However, the biggest threat to the tubes is a sudden over-heating, which will damage the tubes very rapidly. This could in principal be due to:
•Loss of cooling (feed)
•Too high fuel input (overfiring). Fuel is controlled with a duty controller, summarizing all fuel duty input.
To prevent from such sudden over-heating, the reformer is protected by low feed and steam flow trips, and the fuel is controlled with a duty controller, summarizing all fuel duty input, to prevent overfiring.

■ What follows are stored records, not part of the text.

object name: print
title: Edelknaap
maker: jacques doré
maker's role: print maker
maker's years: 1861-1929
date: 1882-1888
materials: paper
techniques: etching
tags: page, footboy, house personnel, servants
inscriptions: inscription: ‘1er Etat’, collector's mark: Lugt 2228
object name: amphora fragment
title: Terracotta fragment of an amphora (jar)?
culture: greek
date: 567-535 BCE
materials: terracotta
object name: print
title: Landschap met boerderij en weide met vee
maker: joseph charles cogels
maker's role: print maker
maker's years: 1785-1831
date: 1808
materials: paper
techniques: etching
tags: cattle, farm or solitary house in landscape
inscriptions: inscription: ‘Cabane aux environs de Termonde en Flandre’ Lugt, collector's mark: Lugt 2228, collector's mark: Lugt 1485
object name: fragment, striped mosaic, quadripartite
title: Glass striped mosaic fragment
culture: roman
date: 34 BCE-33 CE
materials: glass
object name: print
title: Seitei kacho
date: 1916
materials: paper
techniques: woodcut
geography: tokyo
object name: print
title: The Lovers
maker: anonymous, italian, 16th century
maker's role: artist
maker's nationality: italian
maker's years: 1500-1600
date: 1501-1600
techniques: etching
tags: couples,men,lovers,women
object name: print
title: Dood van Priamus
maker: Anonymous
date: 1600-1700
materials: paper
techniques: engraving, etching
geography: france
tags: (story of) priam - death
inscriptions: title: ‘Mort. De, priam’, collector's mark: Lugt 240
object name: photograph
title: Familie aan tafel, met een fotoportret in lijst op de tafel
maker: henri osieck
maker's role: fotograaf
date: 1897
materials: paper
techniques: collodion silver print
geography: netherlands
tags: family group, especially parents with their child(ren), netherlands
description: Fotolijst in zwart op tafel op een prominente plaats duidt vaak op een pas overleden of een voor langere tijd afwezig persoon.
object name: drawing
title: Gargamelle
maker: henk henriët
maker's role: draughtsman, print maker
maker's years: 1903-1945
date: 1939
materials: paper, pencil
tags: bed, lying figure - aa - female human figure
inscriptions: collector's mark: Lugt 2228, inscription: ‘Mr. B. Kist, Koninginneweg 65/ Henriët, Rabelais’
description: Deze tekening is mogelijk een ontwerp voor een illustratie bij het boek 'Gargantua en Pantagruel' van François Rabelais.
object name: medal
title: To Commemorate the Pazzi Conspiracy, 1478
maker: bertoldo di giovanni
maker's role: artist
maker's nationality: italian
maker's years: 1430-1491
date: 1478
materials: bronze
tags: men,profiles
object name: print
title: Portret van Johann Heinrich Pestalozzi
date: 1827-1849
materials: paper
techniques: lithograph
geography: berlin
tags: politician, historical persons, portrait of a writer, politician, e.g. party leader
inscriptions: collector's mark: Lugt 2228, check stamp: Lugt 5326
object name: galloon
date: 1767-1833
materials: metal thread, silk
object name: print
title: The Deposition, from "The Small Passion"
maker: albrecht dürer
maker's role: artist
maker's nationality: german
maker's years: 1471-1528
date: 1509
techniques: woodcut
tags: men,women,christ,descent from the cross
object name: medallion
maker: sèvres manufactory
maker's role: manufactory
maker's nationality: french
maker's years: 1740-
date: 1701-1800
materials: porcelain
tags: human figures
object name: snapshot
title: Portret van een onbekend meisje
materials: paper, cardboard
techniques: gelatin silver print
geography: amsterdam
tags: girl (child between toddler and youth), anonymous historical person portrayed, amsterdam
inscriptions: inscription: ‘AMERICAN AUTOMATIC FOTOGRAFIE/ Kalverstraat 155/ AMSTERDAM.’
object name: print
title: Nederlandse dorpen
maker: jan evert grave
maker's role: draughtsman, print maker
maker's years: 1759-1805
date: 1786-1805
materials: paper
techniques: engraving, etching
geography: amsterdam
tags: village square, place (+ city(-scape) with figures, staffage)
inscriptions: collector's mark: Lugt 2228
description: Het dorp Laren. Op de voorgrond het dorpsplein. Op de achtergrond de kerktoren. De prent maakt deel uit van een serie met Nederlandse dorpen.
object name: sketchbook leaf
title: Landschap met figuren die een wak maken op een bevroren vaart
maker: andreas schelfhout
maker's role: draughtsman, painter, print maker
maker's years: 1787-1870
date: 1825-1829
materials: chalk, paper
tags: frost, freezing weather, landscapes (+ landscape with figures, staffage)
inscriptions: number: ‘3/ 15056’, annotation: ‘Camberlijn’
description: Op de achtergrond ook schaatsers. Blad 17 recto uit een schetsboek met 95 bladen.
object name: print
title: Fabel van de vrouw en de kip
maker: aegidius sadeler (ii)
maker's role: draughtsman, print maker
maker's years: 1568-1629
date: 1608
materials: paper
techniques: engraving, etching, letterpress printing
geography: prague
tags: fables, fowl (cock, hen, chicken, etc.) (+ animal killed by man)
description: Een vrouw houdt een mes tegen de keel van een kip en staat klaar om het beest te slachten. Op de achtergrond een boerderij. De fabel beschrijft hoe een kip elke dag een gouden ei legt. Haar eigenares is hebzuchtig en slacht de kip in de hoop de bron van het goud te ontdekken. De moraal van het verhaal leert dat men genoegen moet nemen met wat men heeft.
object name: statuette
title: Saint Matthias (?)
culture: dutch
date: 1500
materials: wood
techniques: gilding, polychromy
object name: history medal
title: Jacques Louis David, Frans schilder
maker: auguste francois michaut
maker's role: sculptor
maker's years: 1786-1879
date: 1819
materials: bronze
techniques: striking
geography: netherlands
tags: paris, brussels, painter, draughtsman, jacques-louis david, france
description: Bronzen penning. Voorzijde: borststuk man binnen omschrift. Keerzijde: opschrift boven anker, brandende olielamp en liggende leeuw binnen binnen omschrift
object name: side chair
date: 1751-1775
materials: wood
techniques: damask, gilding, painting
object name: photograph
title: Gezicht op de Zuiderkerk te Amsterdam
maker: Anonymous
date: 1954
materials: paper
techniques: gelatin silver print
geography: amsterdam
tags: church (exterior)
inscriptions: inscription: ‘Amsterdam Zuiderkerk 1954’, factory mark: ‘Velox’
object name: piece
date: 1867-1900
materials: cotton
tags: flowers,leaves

Further, as secondary protection, the reformer is protected by flue gas temperature measurement. This is the fastest indicator of over-firing, as process gas in a cold collector can increase in 15-30 seconds if the firing is increased rapidly and a high temperature trip is initiated.
Brian Slemp (CITGO)
The best strategies to prevent overheating steam methane reformer tube:
1)Ensure the catalyst tubes are pressure drop balanced. Reformer furnaces have an inlet manifold to evenly distribute the feed. An increase in pressure drop from an improperly loaded catalyst tube will reduce the flow of the reactants in that tube increasing the tube temperature and potentially leading to coking and overheating.
2)Routinely monitor the skin temperatures and balance the fire box heat distribution to prevent localized hot spots.
3)Prevent direct flame impingement.
4)Routinely monitor catalyst activity with your vendor to prevent operating in the carbon deposition region and generating internal thermal insulation thereby overheating a tube.
5)Maintain proper steam to carbon ratio.
6)Monitor feed composition to ensure potential coke precursors are not introduced above allowable limits.
7)Ensure high purity steam is used to prevent catalyst poisoning and coke generation.
8)Closely monitor tube temperatures and nitrogen flow during startup.
Tina Moss (Johnson Matthey Catalysts)
If not monitored properly, a variety of operating issues can lead to high steam reformer furnace tube wall temperatures. High tube wall temperatures are most often due to poor catalyst loading, problems during start-up operations, or carbon formation due to poisoning. Therefore, the best strategies to prevent overheating of steam reforming furnaces are to address the operating issues that can cause high tube wall temperatures.
The first step in avoiding high tube wall temperatures is to ensure a good catalyst loading that avoids flow imbalances and large catalyst voids. The general tolerance on flow variations between tubes is ± 2.5% for a good catalyst loading, which corresponds to a pressure drop variation of ± 5%. The most common loading technique used by North American refiners is the trickle loading method. There are several trickle loading techniques available in the market and these can typically achieve between 2 to 5% pressure drop variation.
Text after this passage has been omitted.